Francese, a stay-at-home mother, explained to JCK that she had “spent nearly seven months selling Jesper Nielsen (JN) jewellery, eventually becoming a company ‘World Leader’ and joining its customer service team” in a paid role; however, the complaints from members quickly overwhelmed her.
Another member, who contacted Jeweller, said Nielsen “planted seeds of dreams in over 76,000 people, he got them to spend money for higher commissions… Creating urgency to purchase at discounted rates, but it became clear when his sales never stopped and his ‘newly’ named products arrived branded with Endless [Jewelry] and Amazing [Jewelry], that something was seriously not right.”
One member told Jeweller she had joined the business just four weeks before it closed and like many others, was financially out-of-pocket for product inventory.
Describing the unexpected closure of the business, the member said, “On 10 September we were told JN had gone into administration. When we tried to contact customer service and Jesper via Facebook for further information, all points of contact and Jesper’s social media accounts had been closed.

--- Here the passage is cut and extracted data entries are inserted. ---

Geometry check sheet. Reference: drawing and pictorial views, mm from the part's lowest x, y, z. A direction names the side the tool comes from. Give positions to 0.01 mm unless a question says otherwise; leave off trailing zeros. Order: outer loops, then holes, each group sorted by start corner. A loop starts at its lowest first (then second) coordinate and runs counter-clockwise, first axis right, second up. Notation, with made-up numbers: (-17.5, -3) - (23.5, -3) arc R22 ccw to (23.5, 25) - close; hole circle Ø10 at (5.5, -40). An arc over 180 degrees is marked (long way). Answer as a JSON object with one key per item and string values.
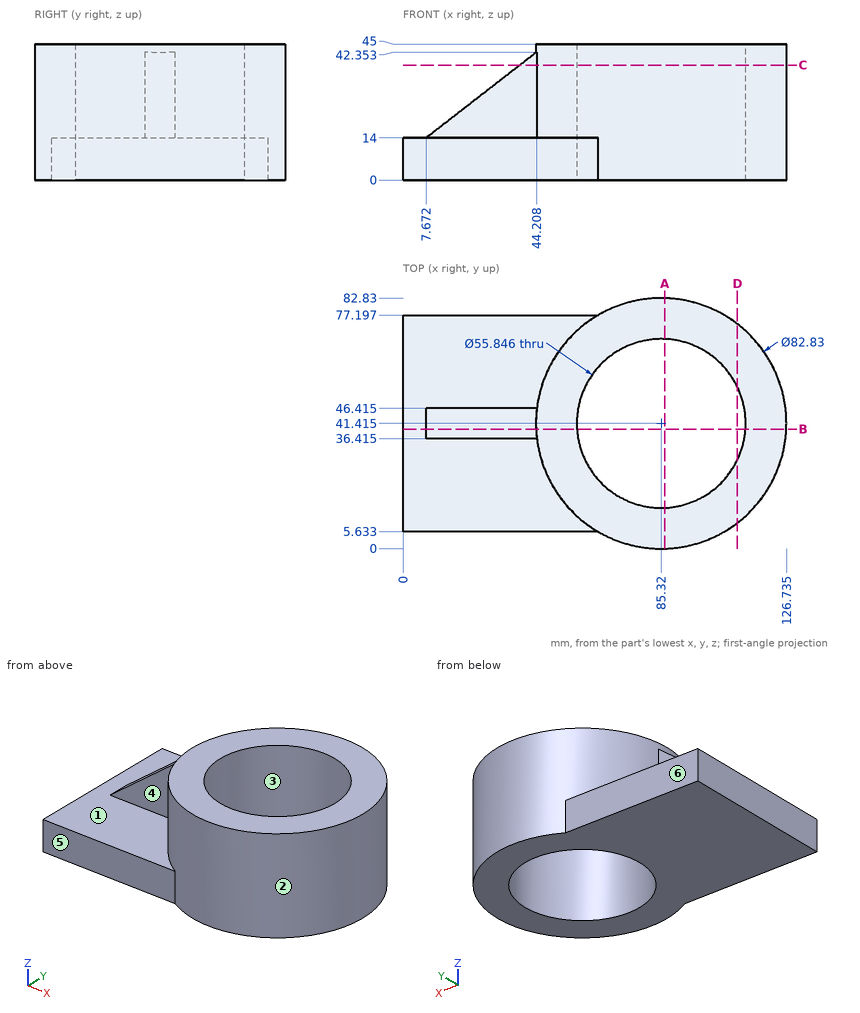
(1) Section check B-B (y = 39.5). Record the cut outline in (x, z), then the cut area to 3 significant figures.
Computed values:
{"outline": "(0, 0) - (57.46, 0) - (57.46, 45) - (43.95, 45) - (43.95, 42.15) - (7.67, 14) - (0, 14) - close; (113.18, 0) - (126.69, 0) - (126.69, 45) - (113.18, 45) - close", "area": "2,340 mm²"}
(2) Section check C-C (z = 38). Record the cut outline in (x, y) (1 decimal), then the cut area to 3 significant figures.
Computed values:
{"outline": "(38.6, 36.4) - (44.2, 36.4) arc R41.4 ccw (long way) to (44.2, 46.4) - (38.6, 46.4) - close; hole circle Ø55.8 at (85.3, 41.4)", "area": "2,990 mm²"}
(3) Material ranges on line 1 along Z through (x, y) = (14, 64); line 2 along Y through (x, z) = (43.5, 24) (1 decimal); line 3 along X through (y, z) = (16.5, 33) (1 decimal), recorded low to high. Write a range as [from, to].
Computed values:
{"line 1": "z = [0, 14]", "line 2": "y = [36.4, 46.4]", "line 3": "x = [52.2, 72.7], [97.9, 118.4]"}
(4) Section check D-D (x = 110.5). Record the cut outline in (y, z) (1 decimal), then the cut area to 3 significant figures.
Computed values:
{"outline": "(8.5, 0) - (29.3, 0) - (29.3, 45) - (8.5, 45) - close; (53.5, 0) - (74.3, 0) - (74.3, 45) - (53.5, 45) - close", "area": "1,870 mm²"}
(5) Release check for a two-part mould opening along X. For the marked faces 1, 2 and 3 record: pulls with the +X half, pulls with the -X half, needs draft (parallel to the pull), parting line crosses it, or undercut.
Computed values:
{"face 1": "needs draft", "face 2": "parting line crosses it", "face 3": "undercut"}
(6) Access from +Z, -Z, +X, -X, +Y, -Y to the whole of each face (thin tool, end or side, straight path). Record for the marked faces 4, 5 and 6.
Computed values:
{"face 4": "+Z, -X, -Y", "face 5": "+Z, -Z, -X, -Y", "face 6": "+Z, -Z, -X, +Y"}
(7) Gauge pin test, flat ends, axial feed: pin 1 Ø3 at (x, z) = (111.5, 30.5) entering from -Y; pin 2 Ø4 at (x, z) = (65.5, 7) entering from +Y; pin 3 Ø8 at (x, z) = (33.5, 7) entering from +Y; pin 4 Ø8 at (x, y) = (109, 20.5) entering from -Z. Record the tip position at first contact, or that the pin passes through.
Computed values:
{"pin 1": "stops at y = 8.16", "pin 2": "stops at y = 78.8", "pin 3": "stops at y = 77.2", "pin 4": "stops at z = 0"}
(8) Section check A-A (x = 86.5). Record the cut outline in (y, z), then the cut area to 4 significant figures.
Computed values:
{"outline": "(0.02, 0) - (13.52, 0) - (13.52, 45) - (0.02, 45) - close; (69.31, 0) - (82.81, 0) - (82.81, 45) - (69.31, 45) - close", "area": "1,215 mm²"}

“We have searched for a point of contact for Jesper but he has vanished off the face of the Earth,” she added.
Ongoing Pandora dispute
Nielsen has been embroiled in legal disputes with Pandora since leaving the company a decade ago.
In 2017, Denmark’s Maritime and Commercial High Court ruled that Nielsen had unlawfully used the Pandora trademark to promote Amazing Jewelry.
Nielsen had been warned against using the Pandora name before; in an article titled ‘Riding on the coat-tails of Pandora’, a Danish website covering trademark law reported: “Already back in 2014 the trouble started between the parties [Pandora and Nielsen] but the injunction case started by Pandora was closed with a settlement where Mr Nielsen accepted not to use Pandora as a trademark for his new business.
“Even though the Settlement Agreement was concluded in December 2014, Pandora found reason to voice their concern towards Mr Nielsen’s continuous use of Pandora again in the spring of 2015, and in June 2016 Pandora obtained a default judgment.”
Three years after his departure from Pandora, Nielsen also self-published a book entitled Inside Pandora, and which was promoted as: “A simple and unconventional approach to business by one of the key players behind the billion-dollar global enterprise.”
At the time of Nielsen’s resignation from the Pandora board, his company Kasi ApS – also known as Kasi Group – sold its shares in the business for an initial payment of DKK385 million ($AU83.5 million) with a second payment promised based on future earnings.
In 2015, Nielsen contended that Pandora had not honoured this second payment and insisted that he was owed DKK753 million ($AU164 million) – later increased to more than DKK2 billion ($AU430 million).
Pandora has consistently denied Nielsen’s claim and has won legal judgements against its former executive.
The case has since moved into arbitration; however, Kasi ApS was fined DKK5 million ($AU1.09 million) in 2020 due to Nielsen’s breach of a confidentiality clause.
According to a Finans.dk report, the fine was not paid, forcing Kasi ApS into bankruptcy; the collapse of the business was the subject of a police investigation.
According to Danish media, Nielsen was declared personally bankrupt on 17 November 2020 and information presented to Denmark’s Maritime and Commercial High Court indicated he currently lives “for rent” in Majorca, Spain.
During more recent court proceedings, Nielsen is reported as saying: “It is expensive to be Jesper Nielsen, and I am good at making money.”
The future for his reported 76,000 JN Jewellery ‘ambassadors’ is unknown – as are any monies owed to them.
Jeweller has attempted to contact Jesper Nielsen and his personal website jespernielsen.com is non-functioning and various emails to the business have ‘bounced’.